Request Received Pending Submission: The claim has been received from the EMR or submission out of the clearinghouse and is pending submission to the intended destination.


Claim Sent: The claim has been sent to the destination entity.


There are also several response acknowledgments, depending on whether the claim is sent through a trading partner or directly to the payer.


Response Acknowledgement: The claim has been received.


Trading Partner Acknowledgment: The trading partner has acknowledged the claim and sent the claim to the payer.


Payer Acknowledgment: The payer acknowledges the receipt of the claim.


Trading Partner Acknowledgement with Errors: The trading partner acknowledged the claim, but the claim contained errors.


Payer Acknowledgment: The payer acknowledges the receipt of the claim.


Payer Acknowledgment with Errors: The payer acknowledged the receipt of the claim, but the claim contained errors.


Validation Failure: This claim has been validated, and one or more issues were identified.
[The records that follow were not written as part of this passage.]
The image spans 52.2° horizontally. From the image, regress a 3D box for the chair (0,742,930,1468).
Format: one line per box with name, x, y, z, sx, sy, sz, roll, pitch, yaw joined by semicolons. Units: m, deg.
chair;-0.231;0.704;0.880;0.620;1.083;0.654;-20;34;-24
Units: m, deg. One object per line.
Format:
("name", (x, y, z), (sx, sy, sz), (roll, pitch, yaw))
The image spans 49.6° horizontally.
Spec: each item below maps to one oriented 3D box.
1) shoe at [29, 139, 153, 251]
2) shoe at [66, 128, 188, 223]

Validation Warning: This claim has been validated, and one or more issues were identified. Please note, warnings will not stop the claim from being submitted. Warnings alert the user to potential issues with a claim, which may result in the payer not accepting, processing or approving it.


Unsubmitted Claims


These are claims that were created but not completed. They are saved as a draft. The window displays general claim data including the age of the claim, payer name and date range. There are also Delete Incomplete Claim and Continue Correcting buttons in the right corner of the page.



– Once deleted, the claim will be removed from the Ready to Work tab. Deleted claims are completely removed from the system and will have to be recreated or resubmitted.
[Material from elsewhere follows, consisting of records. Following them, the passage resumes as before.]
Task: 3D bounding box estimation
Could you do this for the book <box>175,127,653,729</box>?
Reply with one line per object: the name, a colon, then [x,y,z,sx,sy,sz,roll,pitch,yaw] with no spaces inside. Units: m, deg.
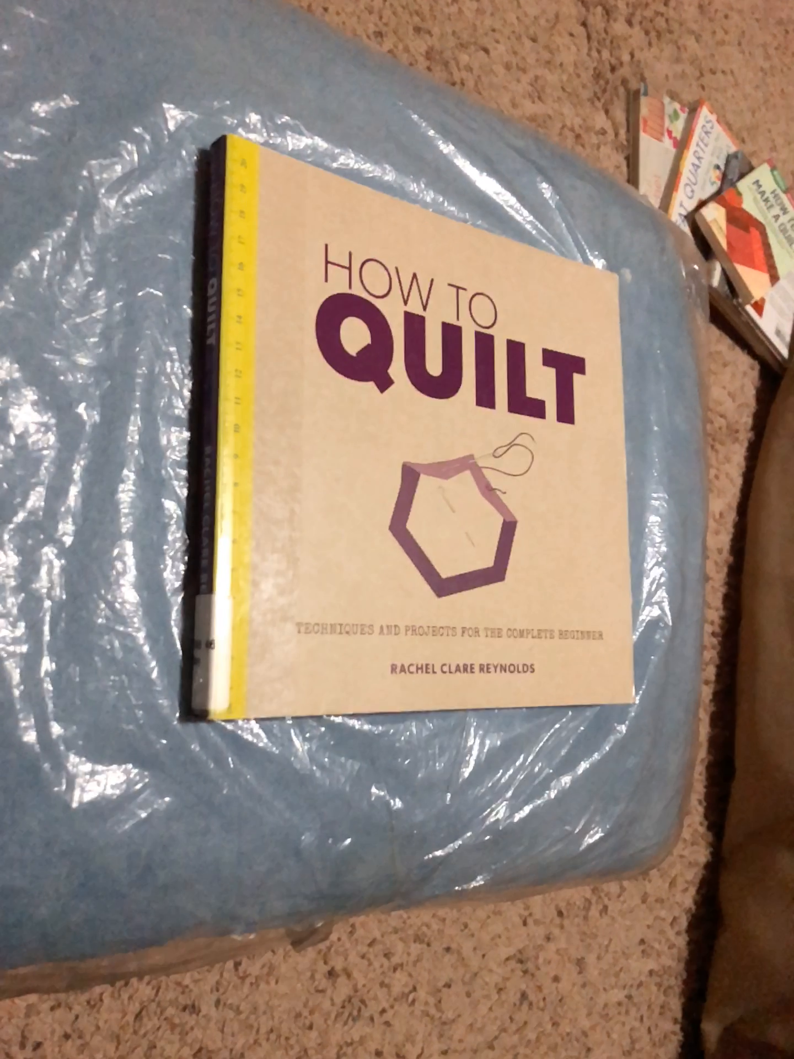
book: [0.021,-0.026,0.344,0.208,0.020,0.194,6,81,-35]
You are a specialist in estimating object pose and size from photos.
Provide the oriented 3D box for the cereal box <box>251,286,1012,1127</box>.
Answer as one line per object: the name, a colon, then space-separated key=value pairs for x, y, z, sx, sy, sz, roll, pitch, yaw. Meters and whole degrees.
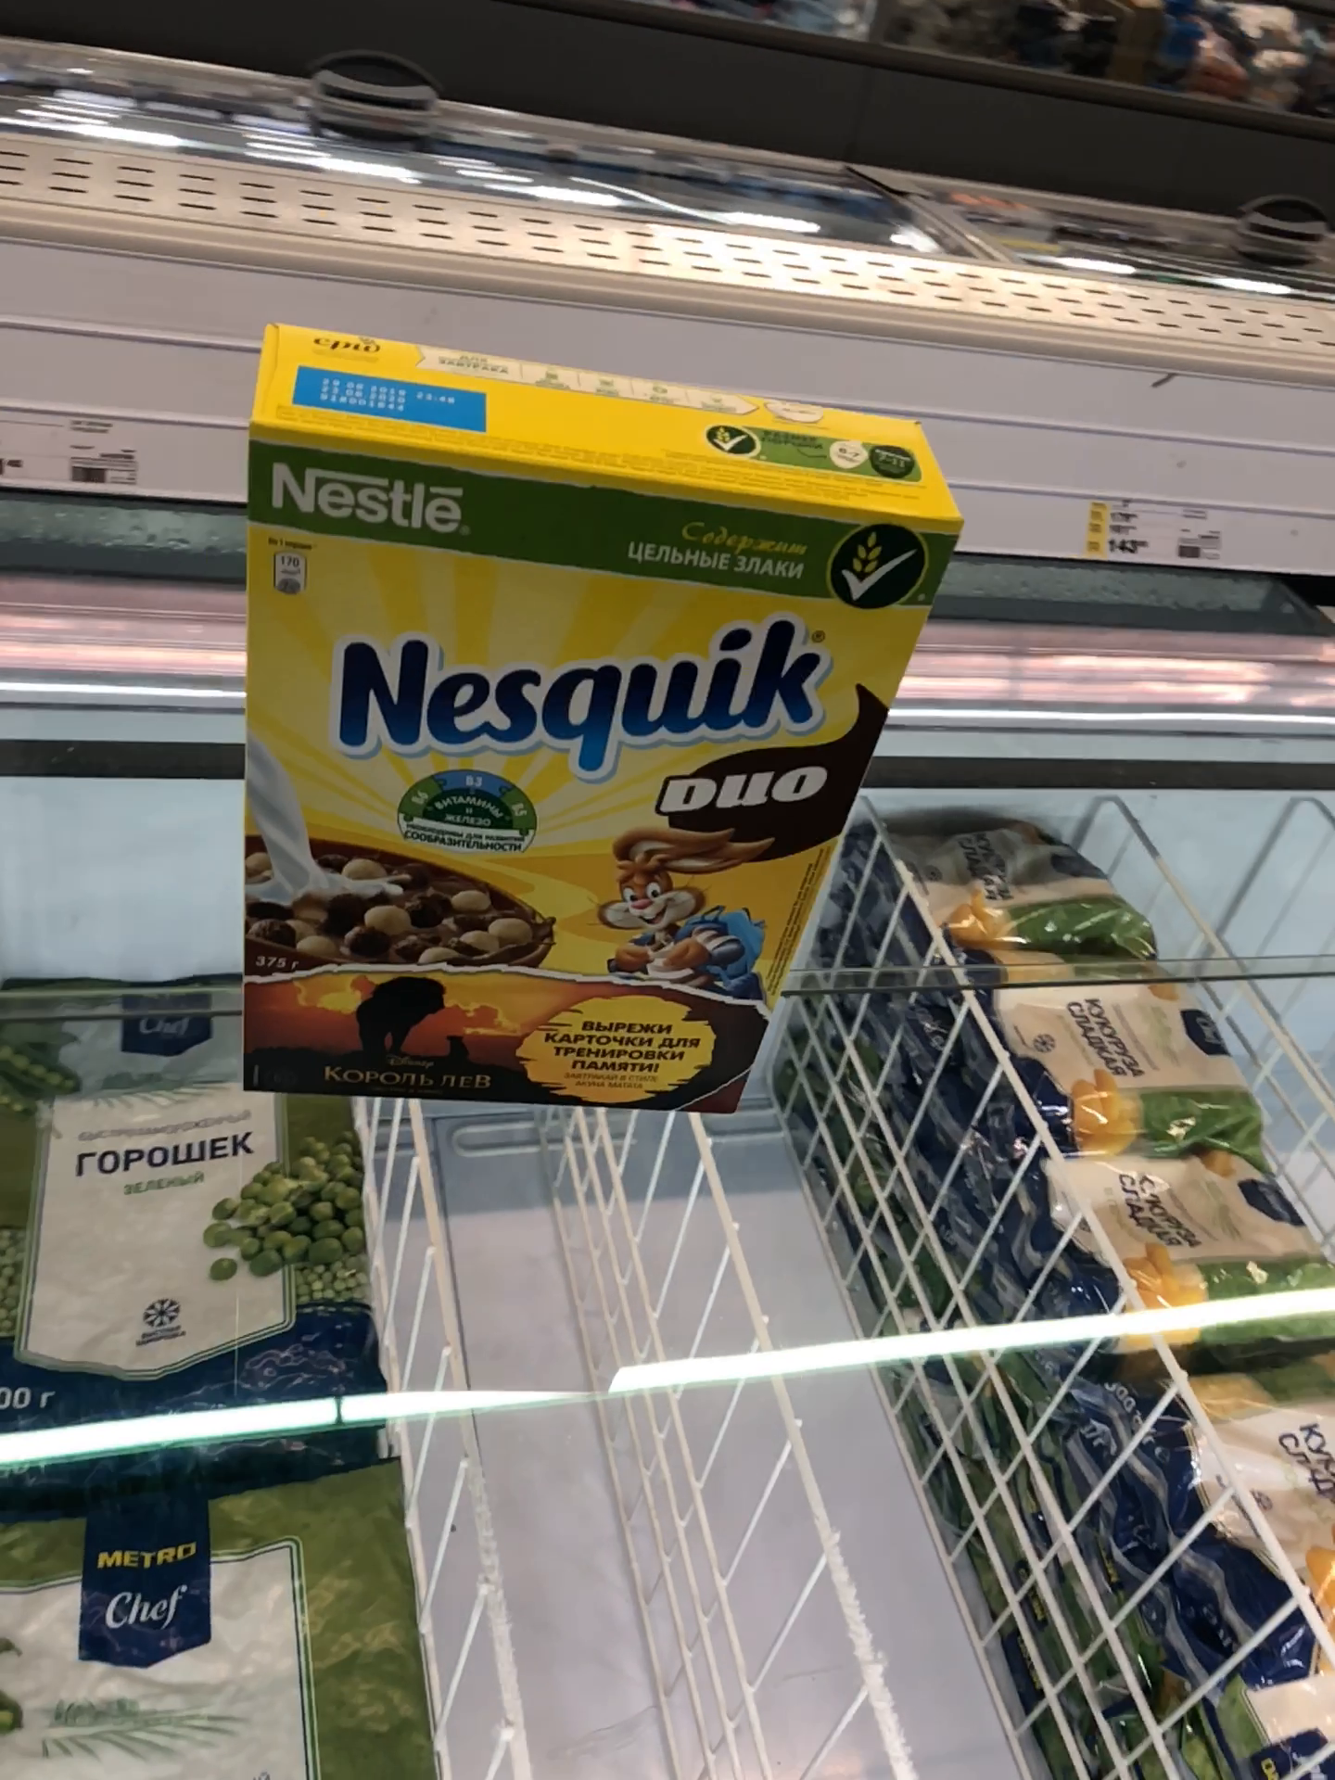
cereal box: x=-0.033 y=-0.037 z=0.496 sx=0.200 sy=0.278 sz=0.070 roll=4 pitch=43 yaw=-11

– Provides the option to edit, save and submit the claim. General claim details, patient data, payer information and more can be modified.

History


This section displays all content submitted to a payer. The user can filter by Subscriber ID, Patient Name, or Patient Control Number. Additional filtering by Claim Type, TOB, Statuses, Providers, Payers and Date Range can be found to the left of the main history section.
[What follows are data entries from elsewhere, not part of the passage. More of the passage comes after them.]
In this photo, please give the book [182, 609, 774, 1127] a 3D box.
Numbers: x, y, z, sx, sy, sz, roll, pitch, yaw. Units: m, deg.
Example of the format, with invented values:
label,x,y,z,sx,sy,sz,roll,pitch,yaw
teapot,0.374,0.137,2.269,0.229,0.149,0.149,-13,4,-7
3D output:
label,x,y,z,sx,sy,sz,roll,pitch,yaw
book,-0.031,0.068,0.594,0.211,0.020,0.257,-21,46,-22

The columns provide information on the following:


  • TOB: Type of Bill.

  • Patient Control Number: Unique number assigned to the claim in the system used as a method of tracking each claim.

  • Claim Type: Institutional or Professional.

  • Status: Specifies the status of the claim.

  • Submitted: Claims submitted by a user with the organization. Claims with green submitted status are accepted (not yet rejected).

  • Errored: Claims with one or more errors at the edit, trading partner or payer level.

  • Payer ACK: Payer acknowledgement has been received.

  • TP ACK: Trading partner acknowledgement has been received.

  • Response ACK: Response acknowledgement has been received.

  • DDE Response: Medicare has acknowledged the receipt of the claim.

  • Remittance Received: Remittance advice has been received.

  • Denied: The payer has issued a denied remittance advice.

  • Suppressed Indefinitely: This claim has been suppressed by the user.

  • Patient Name/Subscriber ID: Subscriber ID is the unique identified issued by the payer.

  • Provider/NPI: Each organization will have an assigned provider name (company name). The NPI is tied to each specific organization and is beneficial to users with access to multiple databases.

  • Payer/Payer ID: Each payer will be listed in Axxess RCM, along with its unique identifier number. This identifier number is assigned by Axxess.

  • From/Through: This is the date range for the claim.

  • Edited/Updated: When a claim is modified, the system will update this column to indicate the last updated date.

  • Total Charges: This dollar amount is the sum of charges submitted on the claim.

  • Download: Selecting the Download button generates an Excel file that can be saved based on the filters chosen.

  • Upload 837: Selecting the Upload 837 button enables users to upload an 837 file to be submitted.